2. Directory Structure

mrpt_path_planning/
├── mrpt_path_planning/           # Core library
│   ├── include/mpp/
│   │   ├── algos/                # Planning algorithms
│   │   │   ├── TPS_Astar.h       # ★ Main A* planner
│   │   │   ├── Planner.h         # Abstract planner base
│   │   │   ├── CostEvaluator.h/CostEvaluatorCostMap.h/CostEvaluatorPreferredWaypoint.h
│   │   │   ├── tp_obstacles_single_path.h  # Collision checking
│   │   │   ├── edge_interpolated_path.h    # Path interpolation
│   │   │   ├── transform_pc_square_clipping.h  # Obstacle transform
│   │   │   ├── render_tree.h / render_vehicle.h / viz.h  # Visualization
│   │   │   ├── bestTrajectory.h / trajectories.h / refine_trajectory.h
│   │   │   └── within_bbox.h / NavEngine.h
│   │   ├── data/                 # Data structures
│   │   │   ├── SE2_KinState.h    # SE(2) pose+velocity state
│   │   │   ├── MotionPrimitivesTree.h  # Motion tree (graph)
│   │   │   ├── MoveEdgeSE2_TPS.h # Edge: PTG-based motion segment
│   │   │   ├── PlannerInput.h / PlannerOutput.h
│   │   │   ├── trajectory_t.h / Waypoints.h / TrajectoriesAndRobotShape.h
│   │   │   ├── basic_types.h / ptg_t.h / RenderOptions.h
│   │   │   ├── EnqueuedMotionCmd.h / ProgressCallbackData.h
│   │   │   └── VehicleLocalizationState.h / VehicleOdometryState.h
│   │   ├── interfaces/           # Abstract interfaces
│   │   │   ├── ObstacleSource.h  # Obstacle providers
│   │   │   ├── VehicleMotionInterface.h  # Vehicle control
│   │   │   └── TargetApproachController.h
│   │   └── ptgs/                 # PTG implementations
│   │       ├── SpeedTrimmablePTG.h
│   │       ├── DiffDriveCollisionGridBased.h
│   │       ├── DiffDrive_C.h     # Circular-arc PTG
│   │       └── HolonomicBlend.h  # Holonomic blend PTG
│   └── src/                      # Corresponding .cpp files
├── apps/
│   ├── path-planner-cli/         # CLI tool for planning
│   └── selfdriving-simulator-gui/ # GUI simulator (requires mvsim)
├── share/                        # Config files: PTG .ini, planner .yaml, obstacles .txt
├── wip-experimental/             # TPS_RRTstar (work-in-progress)
└── package.xml                   # ROS 2 package manifest

3. Theoretical Foundations

3.1 Parameterized Trajectory Generators (PTGs)

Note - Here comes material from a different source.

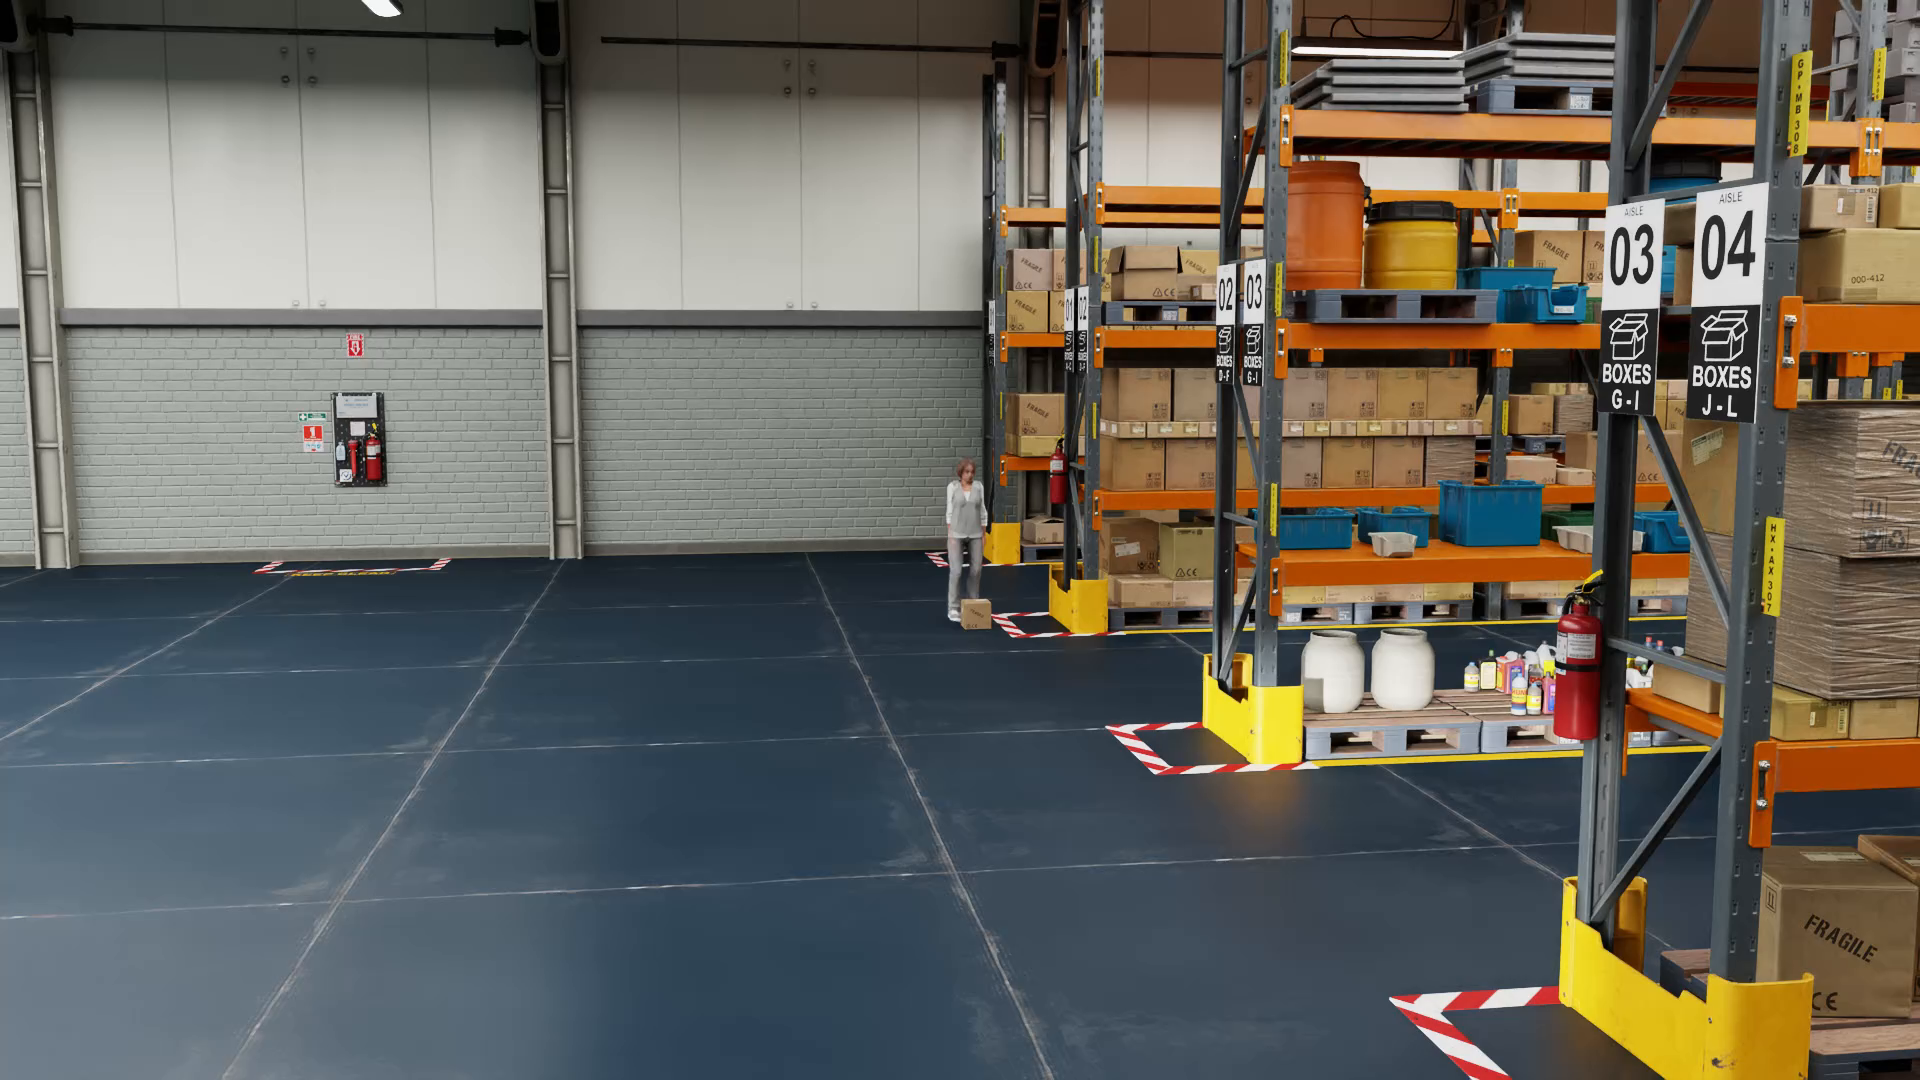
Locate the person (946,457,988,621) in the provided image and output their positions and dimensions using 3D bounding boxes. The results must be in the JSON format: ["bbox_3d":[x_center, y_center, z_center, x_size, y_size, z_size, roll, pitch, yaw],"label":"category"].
[{"bbox_3d":[0.069,-0.009,16.181,0.407,1.595,0.299,-1,7,-12],"label":"person"}]

PTGs are the core motion primitive abstraction (from MRPT's mrpt::nav). A PTG defines a family of trajectories parameterized by:

  • Trajectory index k (or equivalently an angle alpha in [-π, π]): selects which trajectory in the family.
  • Distance d (in "pseudometers"): how far along the trajectory to travel.
  • Speed (for speed-trimmable PTGs): a [0,1] scaling factor on velocity.

Each PTG maps:

  • (k, step)(x, y, phi): the pose at a given step along trajectory k.
  • (k, step)(vx, vy, omega): the velocity twist at that point.
  • (x, y)(k, d): inverse mapping from workspace to TP-Space (inverseMap_WS2TP).

PTGs used in this project:

  • DiffDrive_C: Circular arcs for differential-drive / Ackermann. Each k selects a constant turning radius.
  • HolonomicBlend: For holonomic robots with velocity ramping. Uses runtime-compiled expressions for velocity profiles.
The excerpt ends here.